However, the evaluation of such complex structures remains a challenge. Most existing internal indices are ill-equipped to assess the non-convex and heterogeneous clusters often produced by multi-view algorithms. This highlights the necessity of the proposed RCVI. By shifting the paradigm from ‘distance-to-centroid’ to ‘density-distribution,’ RCVI provides a robust validation tool that aligns with the goals of these advanced frameworks: to uncover reliable structures amidst noise and overlap, regardless of the data’s view or modality. Data in practical applications is often afflicted with both data overlap and outlier issues, and such mixed datasets pose more stringent challenges to the evaluation of clustering validity. Although some scholars, including [22,25] have conducted preliminary investigations into this issue from the perspective of density, their performance is more geared toward the robust handling of outliers while downplaying the evaluation of the overlap degree problem. This thus lays a mathematical foundation for the construction of a clustering validity evaluation framework in this paper that is tailored to overlapping and outlier-contaminated datasets. In addition, the I index proposed by [21], which is based on the Jeffrey divergence, exhibits promising performance in evaluating the separability of overlapping data; yet it relies heavily on the sample covariance matrix when calculating inter-cluster separability, which restricts its application in high-dimensional, and especially ultra-high-dimensional, datasets. Drawing on the excellent properties of density in the compactness component of CVIs and the outstanding performance of the Jeffrey divergence in the separability component, we are inspired to introduce the kernel density estimation function. We use this function to modify the Jeffrey divergence-based separability measure proposed by [21], enabling it to be applicable to high-dimensional scenarios, and on this basis, propose a fully density-based adaptive and robust CVI.

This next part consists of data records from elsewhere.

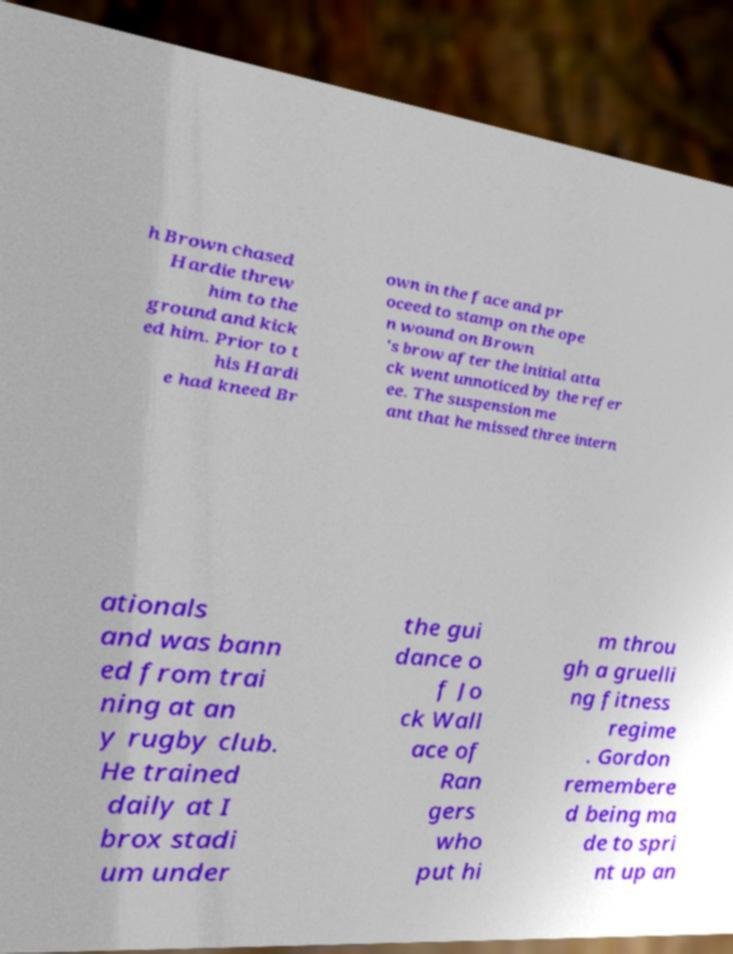Can you read and provide the text displayed in the image?This photo seems to have some interesting text. Can you extract and type it out for me? h Brown chased Hardie threw him to the ground and kick ed him. Prior to t his Hardi e had kneed Br own in the face and pr oceed to stamp on the ope n wound on Brown 's brow after the initial atta ck went unnoticed by the refer ee. The suspension me ant that he missed three intern ationals and was bann ed from trai ning at an y rugby club. He trained daily at I brox stadi um under the gui dance o f Jo ck Wall ace of Ran gers who put hi m throu gh a gruelli ng fitness regime . Gordon remembere d being ma de to spri nt up an 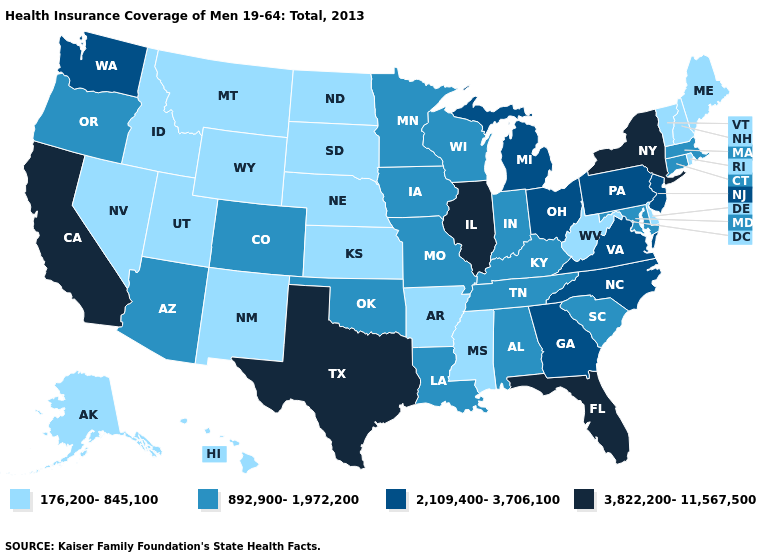Name the states that have a value in the range 3,822,200-11,567,500?
Write a very short answer. California, Florida, Illinois, New York, Texas. What is the lowest value in the Northeast?
Keep it brief. 176,200-845,100. Name the states that have a value in the range 3,822,200-11,567,500?
Short answer required. California, Florida, Illinois, New York, Texas. Which states have the lowest value in the USA?
Write a very short answer. Alaska, Arkansas, Delaware, Hawaii, Idaho, Kansas, Maine, Mississippi, Montana, Nebraska, Nevada, New Hampshire, New Mexico, North Dakota, Rhode Island, South Dakota, Utah, Vermont, West Virginia, Wyoming. Name the states that have a value in the range 176,200-845,100?
Give a very brief answer. Alaska, Arkansas, Delaware, Hawaii, Idaho, Kansas, Maine, Mississippi, Montana, Nebraska, Nevada, New Hampshire, New Mexico, North Dakota, Rhode Island, South Dakota, Utah, Vermont, West Virginia, Wyoming. What is the lowest value in the Northeast?
Quick response, please. 176,200-845,100. Does New Hampshire have the lowest value in the USA?
Answer briefly. Yes. Does the map have missing data?
Write a very short answer. No. What is the value of New Mexico?
Keep it brief. 176,200-845,100. Among the states that border New Jersey , which have the lowest value?
Give a very brief answer. Delaware. Name the states that have a value in the range 2,109,400-3,706,100?
Keep it brief. Georgia, Michigan, New Jersey, North Carolina, Ohio, Pennsylvania, Virginia, Washington. Does Iowa have the lowest value in the USA?
Keep it brief. No. Which states hav the highest value in the West?
Answer briefly. California. Name the states that have a value in the range 892,900-1,972,200?
Quick response, please. Alabama, Arizona, Colorado, Connecticut, Indiana, Iowa, Kentucky, Louisiana, Maryland, Massachusetts, Minnesota, Missouri, Oklahoma, Oregon, South Carolina, Tennessee, Wisconsin. Which states hav the highest value in the West?
Keep it brief. California.

3. The Design Rationale of the RA Index

The quality of a cluster should not be determined by aggregation around a single central point (e.g., a cluster centroid), but rather by whether a coherent high-density region is formed within it. Accordingly, developing a centroid-free and purely density-based CVI constitutes our core objective.

Inspired by density peak clustering [26,27], we can incorporate Kernel Density Estimation (KDE) into the construction of the RA Index. This function offers two key advantages: first, the bandwidth parameter of KDE can be locally adjusted, enabling accurate density estimations across regions with varying densities and thus allowing adaptive handling of datasets with uneven density distributions; second, instead of setting a global density threshold, separation is evaluated based on the relative divergence of density distributions. This design enables the RA Index to identify not only tightly compact clusters, but also relatively sparse yet structurally well-defined ones, thereby endowing it with stronger universality and accuracy when addressing complex real-world datasets.

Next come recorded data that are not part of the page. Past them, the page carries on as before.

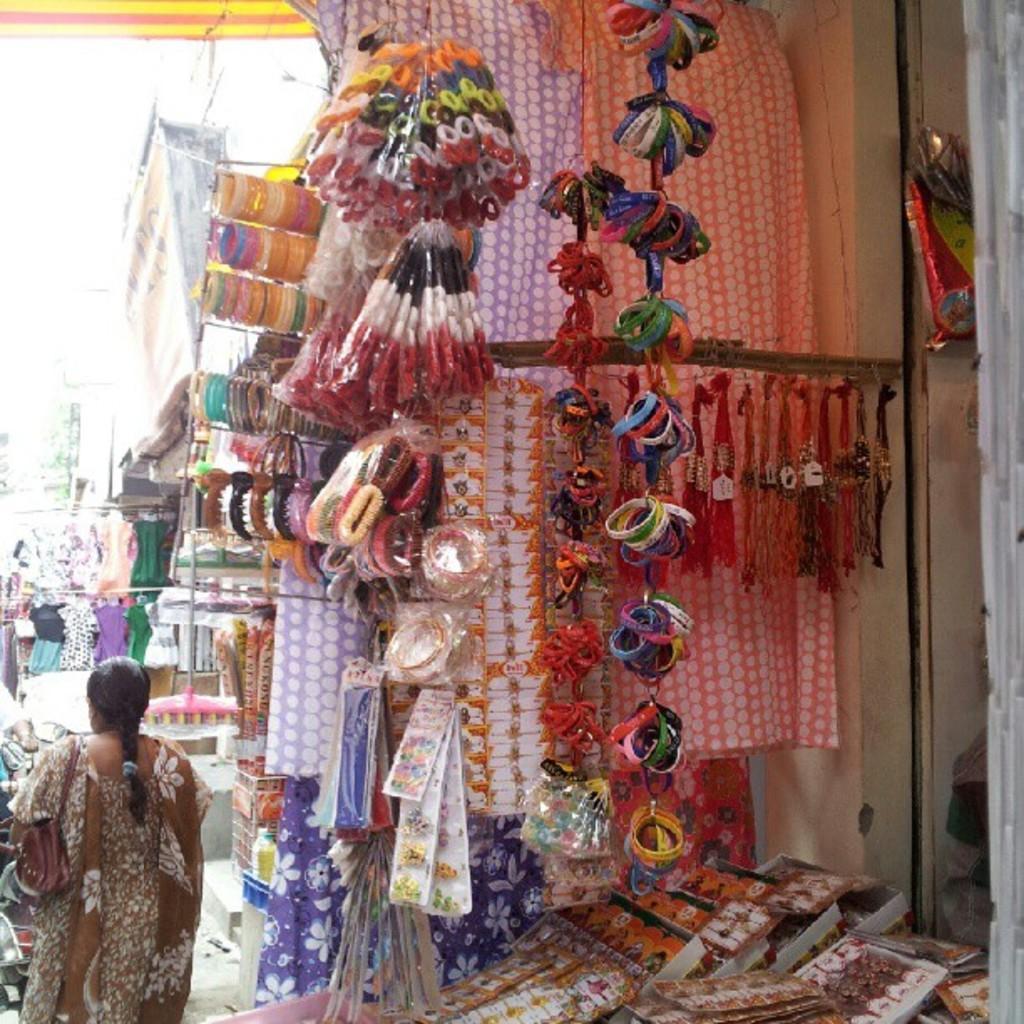Could you give a brief overview of what you see in this image? In this image there are few shops in which there are dresses, bangles and some other objects are hanging in front of the shops, there are few objects on a table in front of one of the shops, there are two persons and a bike on the road. 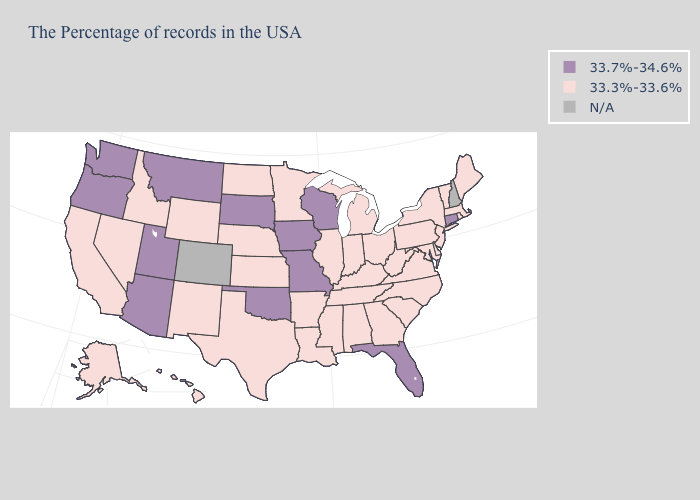Name the states that have a value in the range 33.3%-33.6%?
Short answer required. Maine, Massachusetts, Rhode Island, Vermont, New York, New Jersey, Delaware, Maryland, Pennsylvania, Virginia, North Carolina, South Carolina, West Virginia, Ohio, Georgia, Michigan, Kentucky, Indiana, Alabama, Tennessee, Illinois, Mississippi, Louisiana, Arkansas, Minnesota, Kansas, Nebraska, Texas, North Dakota, Wyoming, New Mexico, Idaho, Nevada, California, Alaska, Hawaii. Name the states that have a value in the range 33.7%-34.6%?
Quick response, please. Connecticut, Florida, Wisconsin, Missouri, Iowa, Oklahoma, South Dakota, Utah, Montana, Arizona, Washington, Oregon. How many symbols are there in the legend?
Concise answer only. 3. What is the value of Hawaii?
Short answer required. 33.3%-33.6%. What is the value of Massachusetts?
Give a very brief answer. 33.3%-33.6%. What is the lowest value in states that border Indiana?
Give a very brief answer. 33.3%-33.6%. Name the states that have a value in the range N/A?
Keep it brief. New Hampshire, Colorado. Is the legend a continuous bar?
Write a very short answer. No. Which states hav the highest value in the South?
Short answer required. Florida, Oklahoma. How many symbols are there in the legend?
Concise answer only. 3. Name the states that have a value in the range N/A?
Be succinct. New Hampshire, Colorado.

3.1. Design of Robust Intra-Cluster Compactness

For an ideal cluster with high intra-cluster compactness, all data points within it should exhibit highly similar local density values, forming a narrow and concentrated density distribution. This implies that the density variation inside the cluster is smooth, with no obvious substructures or voids. Conversely, if a cluster has a wide density distribution or shows a multimodal pattern, it indicates a complex internal structure—there may be multiple sub-clusters or ambiguous cluster boundaries—and thus its compactness is poor.

To construct a robust metric for intra-cluster compactness, the RA index first employs Kernel Density Estimation (KDE) to model the density distribution within each cluster. KDE is a non-parametric probability density function estimation method that does not require any prior assumptions about the data distribution, making it well-suited for handling non-Gaussian and multimodal datasets. For a given cluster

C_{i}

containing

N_{i}

data points, denoted as

{x_{1}, x_{2}, \dots, x_{N_{i}}}

, the density estimate

{\hat{p}}_{H} (x)

at an arbitrary point

x_{i}

can be computed using Equation (1):

{\hat{p}}_{H} (x_{i}) = \frac{1}{N_{i}} \sum_{j = 1}^{N_{i}} K_{H} (x_{i} - x_{j})

(1)

where

K_{H} (u) = {| H |}^{- 1 / 2} K (H^{- 1 / 2} u)

denotes the kernel function, and H represents the bandwidth matrix, which governs the level of smoothing applied. Typically, a Gaussian kernel function can be adopted, expressed as

K (u) = {(2 π)}^{- d / 2} exp (- \frac{1}{2} u^{T} u)

, where d stands for the dimensionality of the dataset. Through KDE, the discrete data points within a cluster can be transformed into a continuous, smooth density field. This density field not only intuitively characterizes the aggregation pattern of intra-cluster data—with high-density regions corresponding to dense clusters of data points and low-density regions corresponding to sparse areas or cluster boundaries—but also its inherent smoothing property naturally suppresses the interference from isolated noise points. In contrast to simple distance-based metrics, KDE delivers a more comprehensive and robust characterization of intra-cluster structures, thereby laying a solid foundation for the subsequent calculation of intra-cluster compactness.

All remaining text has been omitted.